Harvey Whittemore faced a Tuesday deadline to file formal briefs for his appeal, but the 9th U.S. Circuit Court of Appeals extended it until Jan. 30. That’s the day before he’s scheduled to begin serving a two-year prison sentence for violating campaign laws by using “straw donors” to pump more than $130,000 into the Senate majority leader’s 2007 re-election committee.

Reid was never accused of any wrongdoing, although he had to amend his 2007 report to the Federal Election Commission.

Whittemore’s lawyers argue in a new motion in federal court in Reno that the law the former wealthy developer was convicted of breaking “faces at least some possibility of being stricken from the rolls outright” in the high court’s decision expected in the coming year in McCutcheon v. FEC — an Alabama case challenging overall limits for individuals’ spending.

The government clearly has the constitutional right to regulate political speech and spending, said Dominic Gentile, Whittemore’s lead lawyer from Las Vegas. But he said varying campaign finance rulings have created a hodge-podge of rules that affect donors in unfair ways and infringe upon individuals’ First Amendment right to free speech.

While a candidate and political action committee can spend unlimited amounts of money and an individual can donate freely to a political action committee, individual contributions to candidates are limited to $4,600 per election cycle, Gentile said. He said the result is separate regulations for two “identical types of speech” both intended to support and elect the candidate, he said.

“One is protected while the other is purportedly made criminal,” he wrote in a Dec. 10 filing with U.S. District Judge Larry Hicks.

The McCutcheon case argued before the U.S. Supreme Court on Oct. 8 attempts to address the disparity, coming on the heels of its landmark 2010 Citizens United decision that opened the door to large amounts of independent spending.

President Barack Obama said recently that the current case has the potential to “go even further than Citizens United.”

A federal jury found Whittemore guilty in May of exceeding the $4,600 contribution limit in 2007 — funneling a total of $138,000 to Reid’s re-election campaign by writing $5,000 checks to family members, employees and their spouses who in turn contributed $4,600 to Reid.

“The jury did not convict Whittemore of engaging in constitutionally protected activities,” Assistant U.S. Attorney Steven Myhre said, “it convicted him of knowingly and willfully making illegal straw donations by soliciting others to donate to Sen. Reid’s campaign in their own names and furnishing the money for those donations.”

Myhre said Whittemore was free to spend as much money as he wanted on advertising for his candidate, or in contributions to a PAC backing Reid. He said both the Supreme Court and the 9th Circuit have “consistently recognized an important distinction between direct donations to candidates and donations to organizations that make independent expenditures to support candidates.”

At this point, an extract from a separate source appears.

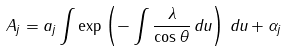Convert formula to latex. <formula><loc_0><loc_0><loc_500><loc_500>A _ { j } = a _ { j } \int \exp \left ( - \int \frac { \lambda } { \cos \theta } \, d u \right ) \, d u + \alpha _ { j }</formula> 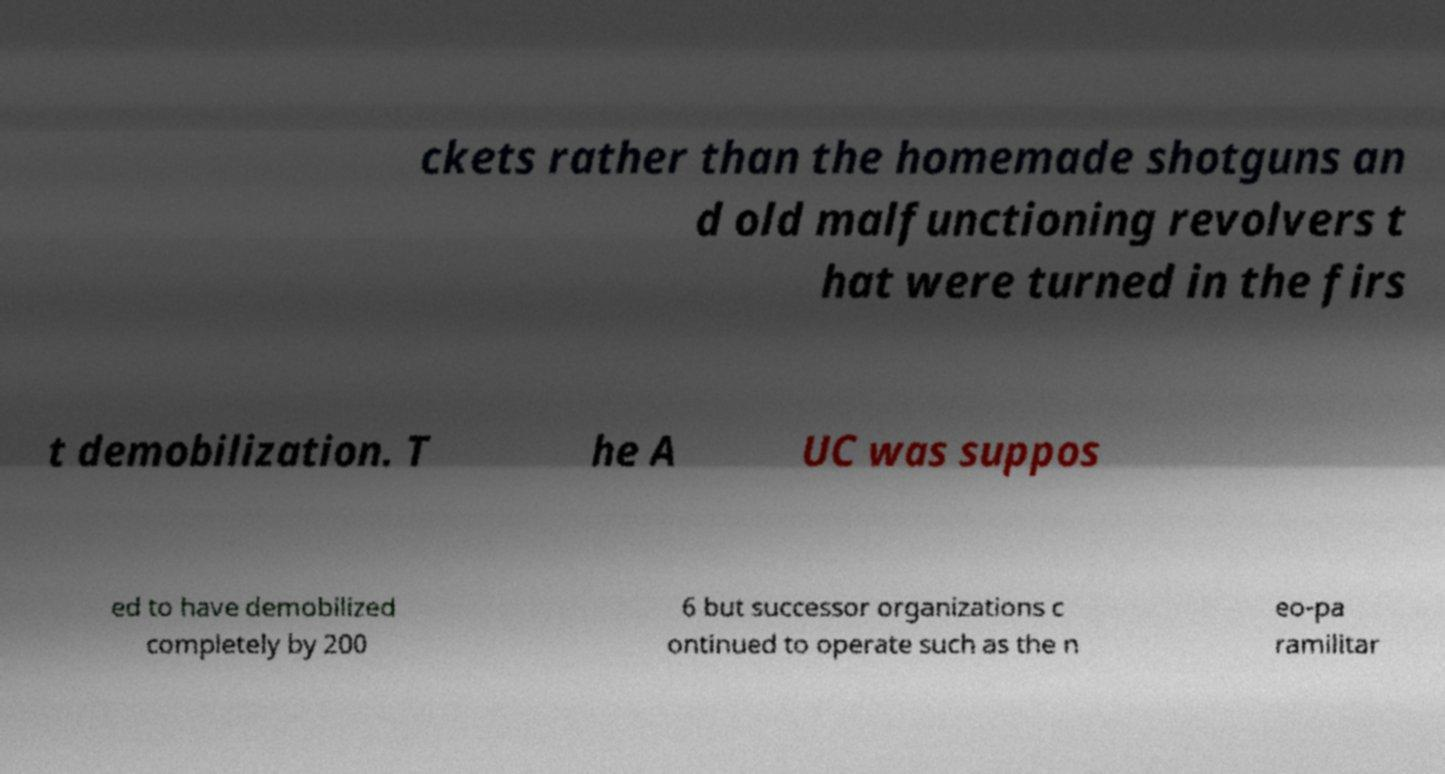Please identify and transcribe the text found in this image. ckets rather than the homemade shotguns an d old malfunctioning revolvers t hat were turned in the firs t demobilization. T he A UC was suppos ed to have demobilized completely by 200 6 but successor organizations c ontinued to operate such as the n eo-pa ramilitar

The Supreme Court first upheld contribution limits in its 1976 Buckley v. Valeo decision, based on arguments they were necessary to fight the risk of corruption. In Citizens United, the court said spending that is independent of campaigns poses no risk of corruption, no matter how large.

But Gentile said the justices who concluded independent expenditures don’t give rise to corruption “did not envision a world where those ‘independent expenditures’ were made by organizations that, themselves are not truly independent.”

“Super PACs act as nothing more than conduits for unlimited donations in support of a candidate,” he said, and in fact are less transparent because there are no reporting requirements until the PAC is required to file its federal tax forms the following year.